| Home » Mailing lists » Devel » [PATCH v4] posix timers: allocate timer id per process Goto Forum:
	| 
		
			| [PATCH v4] posix timers: allocate timer id per process [message #48507] | Fri, 19 October 2012 07:49  |  
			| 
				
				
					|  Stanislav Kinsbursky Messages: 683
 Registered: October 2011
 | Senior Member |  |  |  
	| v4: 1) a couple of coding style fixes (lines over 80 characters)
 
 v3:
 1) hash calculation simlified to improve perfomance.
 
 v2:
 1) Hash table become RCU-friendly. Hash table search now done under RCU lock
 protection.
 I've tested scalability on KVM with 4 CPU. The testing environment was build
 of 10 processes, each had 512 posix timers running (SIGSEV_NONE) and was
 calling timer_gettime() in loop. With all this stuff being running, I was
 measuring time of calling of syscall timer_gettime() 10000 times.
 
 Without this patch: ~7ms
 With this patch   : ~7ms
 
 This patch is required CRIU project (www.criu.org).
 To migrate processes with posix timers we have to make sure, that we can
 restore posix timer with proper id.
 Currently, this is not true, because timer ids are allocated globally.

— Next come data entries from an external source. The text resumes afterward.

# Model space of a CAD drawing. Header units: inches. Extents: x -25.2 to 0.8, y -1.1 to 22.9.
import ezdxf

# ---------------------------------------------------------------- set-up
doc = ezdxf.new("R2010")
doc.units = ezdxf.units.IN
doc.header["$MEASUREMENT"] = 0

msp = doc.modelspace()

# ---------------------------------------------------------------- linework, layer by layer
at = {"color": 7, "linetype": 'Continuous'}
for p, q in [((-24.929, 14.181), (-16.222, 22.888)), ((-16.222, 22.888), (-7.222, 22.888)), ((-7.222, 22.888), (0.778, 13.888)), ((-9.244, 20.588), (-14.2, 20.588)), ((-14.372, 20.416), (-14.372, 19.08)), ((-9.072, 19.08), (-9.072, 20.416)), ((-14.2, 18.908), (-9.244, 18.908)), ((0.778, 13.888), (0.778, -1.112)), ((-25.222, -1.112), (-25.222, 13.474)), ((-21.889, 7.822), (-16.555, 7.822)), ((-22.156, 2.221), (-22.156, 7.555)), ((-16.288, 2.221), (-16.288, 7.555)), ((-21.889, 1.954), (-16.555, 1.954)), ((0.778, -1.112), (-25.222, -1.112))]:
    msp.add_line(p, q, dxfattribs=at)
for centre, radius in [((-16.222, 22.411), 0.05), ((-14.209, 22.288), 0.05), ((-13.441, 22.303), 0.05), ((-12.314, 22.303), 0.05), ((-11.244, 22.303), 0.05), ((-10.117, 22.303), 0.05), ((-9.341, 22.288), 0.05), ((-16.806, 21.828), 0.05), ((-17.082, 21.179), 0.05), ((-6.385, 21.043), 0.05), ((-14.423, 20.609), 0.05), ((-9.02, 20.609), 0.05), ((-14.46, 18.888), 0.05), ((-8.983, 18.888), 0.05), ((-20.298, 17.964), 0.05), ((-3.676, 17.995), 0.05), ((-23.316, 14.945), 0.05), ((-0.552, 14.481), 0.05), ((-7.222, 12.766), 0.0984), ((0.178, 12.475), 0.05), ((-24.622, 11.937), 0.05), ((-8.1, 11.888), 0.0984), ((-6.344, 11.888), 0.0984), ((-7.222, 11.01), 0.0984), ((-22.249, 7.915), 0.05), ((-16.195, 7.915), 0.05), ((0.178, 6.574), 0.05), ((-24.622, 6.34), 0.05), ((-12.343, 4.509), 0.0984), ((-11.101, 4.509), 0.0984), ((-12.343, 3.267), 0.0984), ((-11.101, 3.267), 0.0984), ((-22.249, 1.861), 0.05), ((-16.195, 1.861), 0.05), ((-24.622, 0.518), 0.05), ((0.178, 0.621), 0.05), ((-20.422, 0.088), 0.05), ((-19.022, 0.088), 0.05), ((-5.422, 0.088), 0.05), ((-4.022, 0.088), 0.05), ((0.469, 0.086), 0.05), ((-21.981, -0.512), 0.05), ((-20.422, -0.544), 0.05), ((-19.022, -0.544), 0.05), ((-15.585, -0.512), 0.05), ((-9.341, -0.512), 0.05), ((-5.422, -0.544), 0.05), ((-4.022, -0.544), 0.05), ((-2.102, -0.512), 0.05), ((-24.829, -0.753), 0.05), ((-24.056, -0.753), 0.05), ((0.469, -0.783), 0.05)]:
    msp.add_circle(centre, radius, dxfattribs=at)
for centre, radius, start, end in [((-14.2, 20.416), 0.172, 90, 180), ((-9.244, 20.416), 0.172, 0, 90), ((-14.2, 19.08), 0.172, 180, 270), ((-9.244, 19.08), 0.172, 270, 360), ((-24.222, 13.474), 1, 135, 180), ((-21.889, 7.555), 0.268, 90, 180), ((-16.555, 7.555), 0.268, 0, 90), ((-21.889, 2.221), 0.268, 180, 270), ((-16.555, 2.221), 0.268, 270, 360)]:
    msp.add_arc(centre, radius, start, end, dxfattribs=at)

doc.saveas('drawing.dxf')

 So, this is precursor patch and it's purpose is make posix timer id to be
 allocated per process.
 
 Patch replaces global idr with global hash table for posix timers and
 makes timer ids unique not globally, but per task. Next free timer id is type
 of integer and stored on signal struct (posix_timer_id). If free timer id
 reaches negative value on timer creation, it will be dropped to zero and
 -EAGAIN will be returned to user.
 Hash table is size of page (4KB).
 Key is constructed as follows:
 key = hash_32(current->signal) ^ hash_32(posix_timer_id);
 
 Signed-off-by: Stanislav Kinsbursky <skinsbursky@parallels.com>
 ---
 include/linux/posix-timers.h |    1
 include/linux/sched.h        |    4 +
 kernel/posix-timers.c        |  113 ++++++++++++++++++++++++++++--------------
 3 files changed, 79 insertions(+), 39 deletions(-)
 
 diff --git a/include/linux/posix-timers.h b/include/linux/posix-timers.h
 index 042058f..60bac69 100644
 --- a/include/linux/posix-timers.h
 +++ b/include/linux/posix-timers.h
 @@ -55,6 +55,7 @@ struct cpu_timer_list {
 /* POSIX.1b interval timer structure. */
 struct k_itimer {
 struct list_head list;		/* free/ allocate list */
 +	struct hlist_node t_hash;
 spinlock_t it_lock;
 clockid_t it_clock;		/* which timer type */
 timer_t it_id;			/* timer id */
 diff --git a/include/linux/sched.h b/include/linux/sched.h
 index 0dd42a0..dce1651 100644
 --- a/include/linux/sched.h
 +++ b/include/linux/sched.h
 @@ -51,6 +51,7 @@ struct sched_param {
 #include <linux/cred.h>
 #include <linux/llist.h>
 #include <linux/uidgid.h>
 +#include <linux/idr.h>
 
 #include <asm/processor.h>
 
 @@ -536,7 +537,8 @@ struct signal_struct {
 unsigned int		has_child_subreaper:1;
 
 /* POSIX.1b Interval Timers */
 -	struct list_head posix_timers;
 +	int			posix_timer_id;
 +	struct list_head	posix_timers;
 
 /* ITIMER_REAL timer for the process */
 struct hrtimer real_timer;
 diff --git a/kernel/posix-timers.c b/kernel/posix-timers.c
 index 69185ae..6d94d8e 100644
 --- a/kernel/posix-timers.c
 +++ b/kernel/posix-timers.c
 @@ -47,31 +47,28 @@
 #include <linux/wait.h>
 #include <linux/workqueue.h>
 #include <linux/export.h>
 +#include <linux/hash.h>
 
 /*
 - * Management arrays for POSIX timers.	 Timers are kept in slab memory
 - * Timer ids are allocated by an external routine that keeps track of the
 - * id and the timer.  The external interface is:
 - *
 - * void *idr_find(struct idr *idp, int id);           to find timer_id <id>
 - * int idr_get_new(struct idr *idp, void *ptr);       to get a new id and
 - *                                                    related it to <ptr>
 - * void idr_remove(struct idr *idp, int id);          to release <id>
 - * void idr_init(struct idr *idp);                    to initialize <idp>
 - *                                                    which we supply.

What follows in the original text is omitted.